The one where we add noise to the hierarchy corresponds to the view, that 
objects from different categories all have completely different distances to
each other. This means, if I pick an apple, a tomato and a carrot,
it is completely random whether the apple is closer to the tomato or to the carrot.

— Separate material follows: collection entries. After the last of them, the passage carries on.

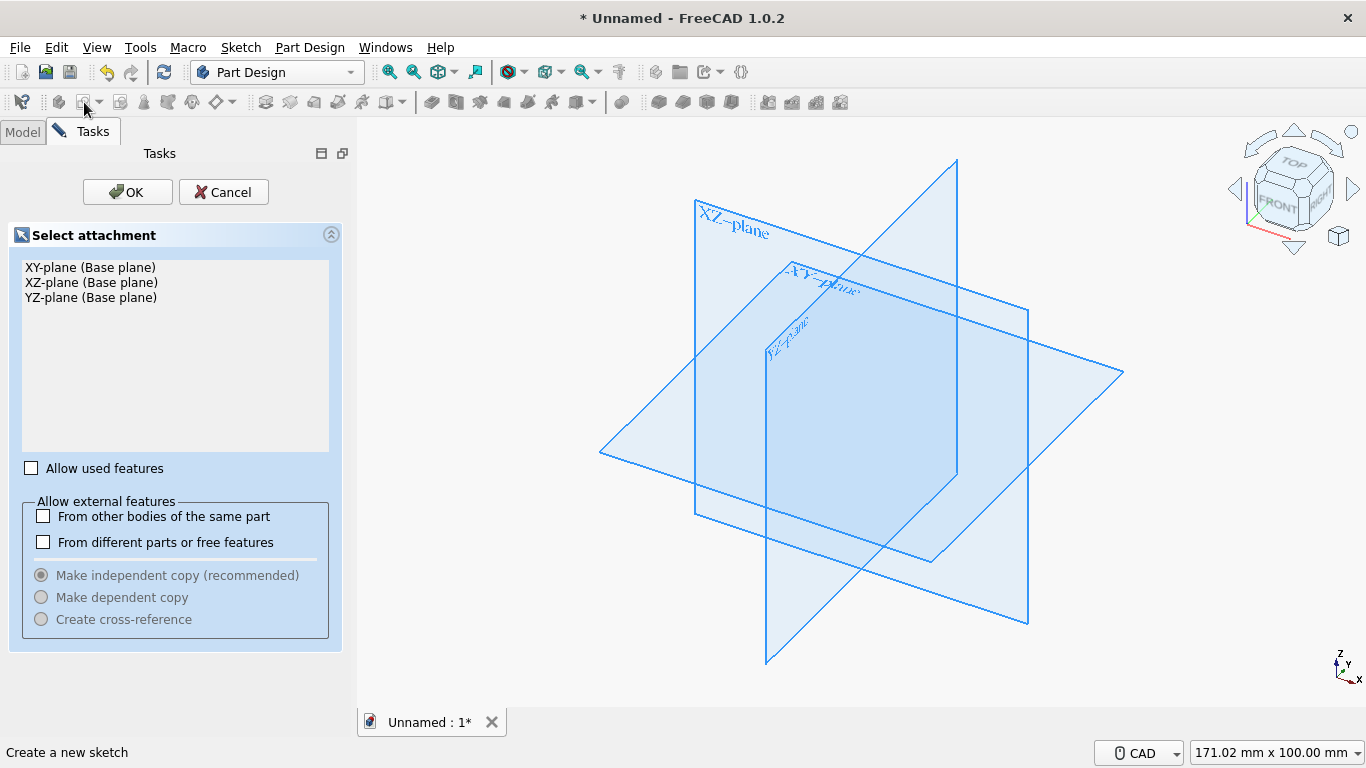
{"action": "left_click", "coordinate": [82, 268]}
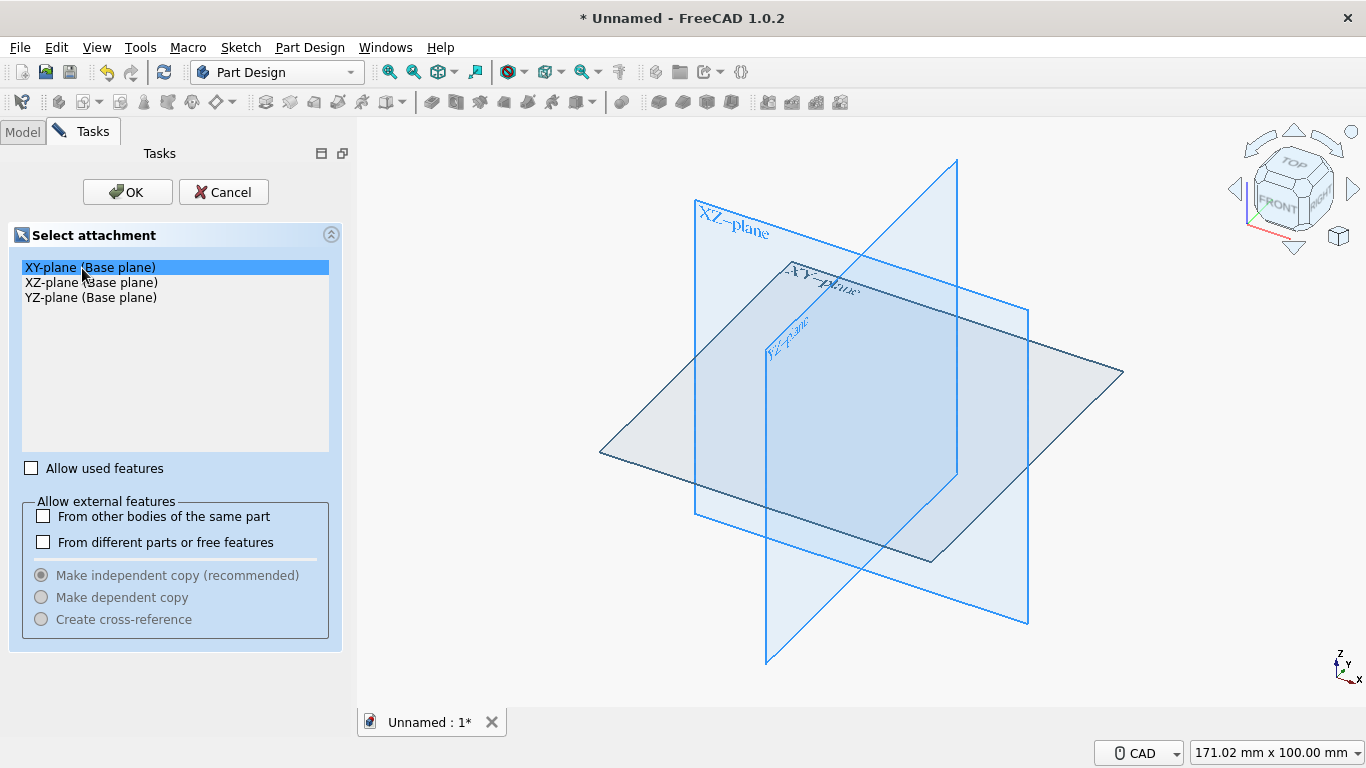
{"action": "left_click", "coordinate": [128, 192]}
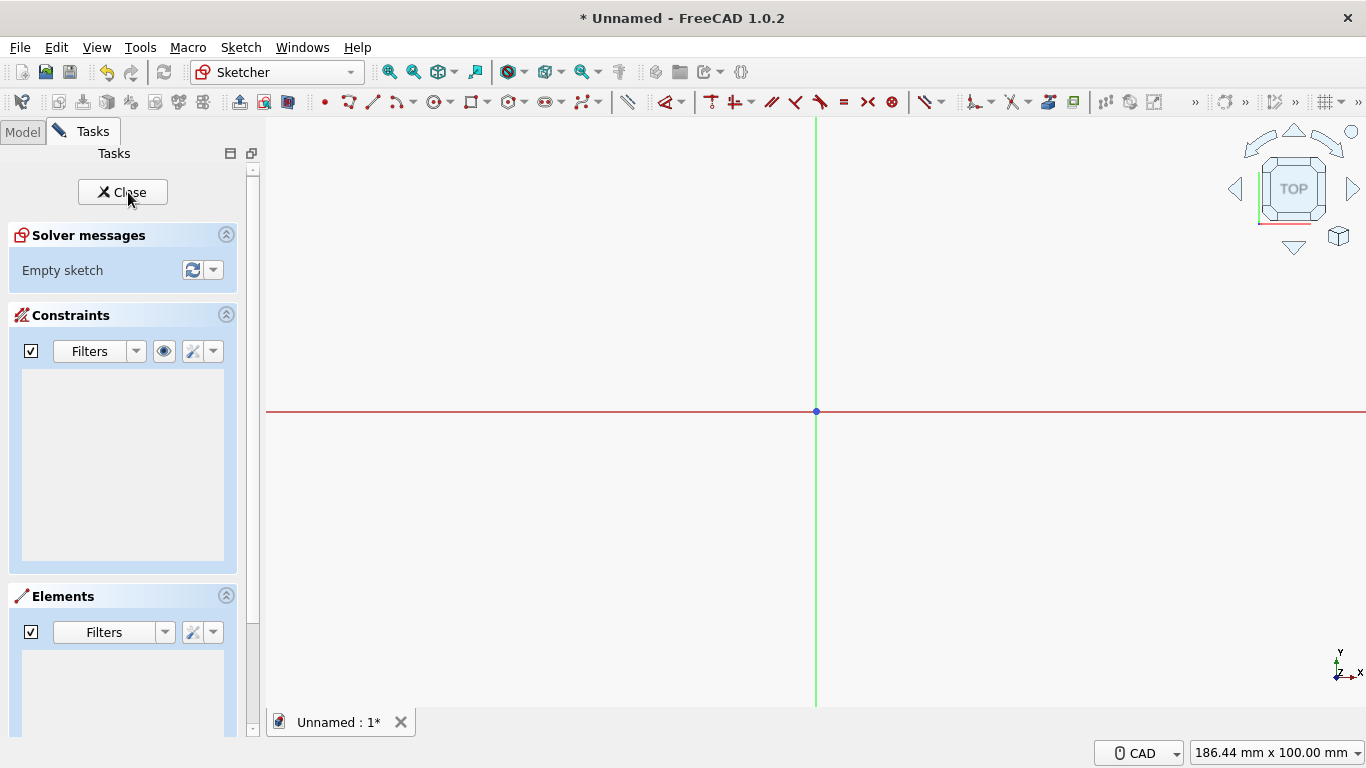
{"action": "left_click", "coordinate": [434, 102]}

The other view corresponds to there being a tendency to always answer the same way 
(apples are always closer to carrots!), but we have some noise on how the question might be answered (so _some_ apples might be closer to tomatoes than to carrots).

# Adding triplet noise 

In [3]:
def df_add_triplet_noise(density):
    df = pd.DataFrame(columns=["Triplet Noise", "Landmark", "SoeKmeans", "MajorityTangles", "ComparisonHC"])
    for tn in [0.05, 0.1, 0.15, 0.2, 0.25, 0.3, 0.35, 0.4, 0.45, 0.5]:
        l, s, m, c = eval_hierarchical(noise=tn, n_runs=5, density=0.1)
        df = df.append(pd.Series([tn, l, s, m, c], index=df.columns), ignore_index=True)
    return df.melt(id_vars=["Triplet Noise"], var_name="Method", value_vars=list(df.columns[1:]), value_name="NMI")
df_01 = df_add_triplet_noise(0.1)
df_005 = df_add_triplet_noise(0.05)

In [4]:
alt.Chart(df_01).mark_line(point={}).encode(x="Triplet Noise:Q", y="NMI:Q", color="Method:N").properties(title="Triplet Noise with density 0.1").display()
alt.Chart(df_005).mark_line(point={}).encode(x="Triplet Noise:Q", y="NMI:Q", color="Method:N").properties(title="Triplet Noise with density 0.005")

# Varying density

In [5]:
df = pd.DataFrame(columns=["Density", "Landmark", "SoeKmeans", "MajorityTangles", "ComparisonHC"])
for density in [0.1, 0.05, 0.01, 0.005, 0.001]:
    l, s, m, c = eval_hierarchical(density=density, n_runs=5)
    df = df.append(pd.Series([density, l, s, m, c], index=df.columns), ignore_index=True)
df = df.melt(id_vars=["Density"], var_name="Method", value_vars=list(df.columns[1:]), value_name="NMI")

In [6]:
alt.Chart(df).mark_line(point={}).encode(x="Density", y="NMI:Q", color="Method:N")

# Adding hierarchy noise

In [7]:
df = pd.DataFrame(columns=["Hierarchy Noise", "Landmark", "SoeKmeans", "MajorityTangles", "ComparisonHC"])
for hn in [0.0, 0.25, 0.5, 0.75, 1.0, 2.0, 3.0, 4.0]:
    l, s, m, c = eval_hierarchical(hier_noise=hn, n_runs=5)
    df = df.append(pd.Series([hn, l, s, m, c], index=df.columns), ignore_index=True)
df = df.melt(id_vars=["Hierarchy Noise"], var_name="Method", value_vars=list(df.columns[1:]), value_name="NMI")

In [8]:
alt.Chart(df).mark_line(point={}).encode(x="Hierarchy Noise", y="NMI:Q", color="Method:N")

# Recovering the hierarchy
As-is, all the algorithms only recover the cluster structure, but not the hierarchy. 
Tangles and ComparisonHC have the possibility to also discover the hierarchy of the underlying structure, so we want to add this as well and see how Tangles holds up.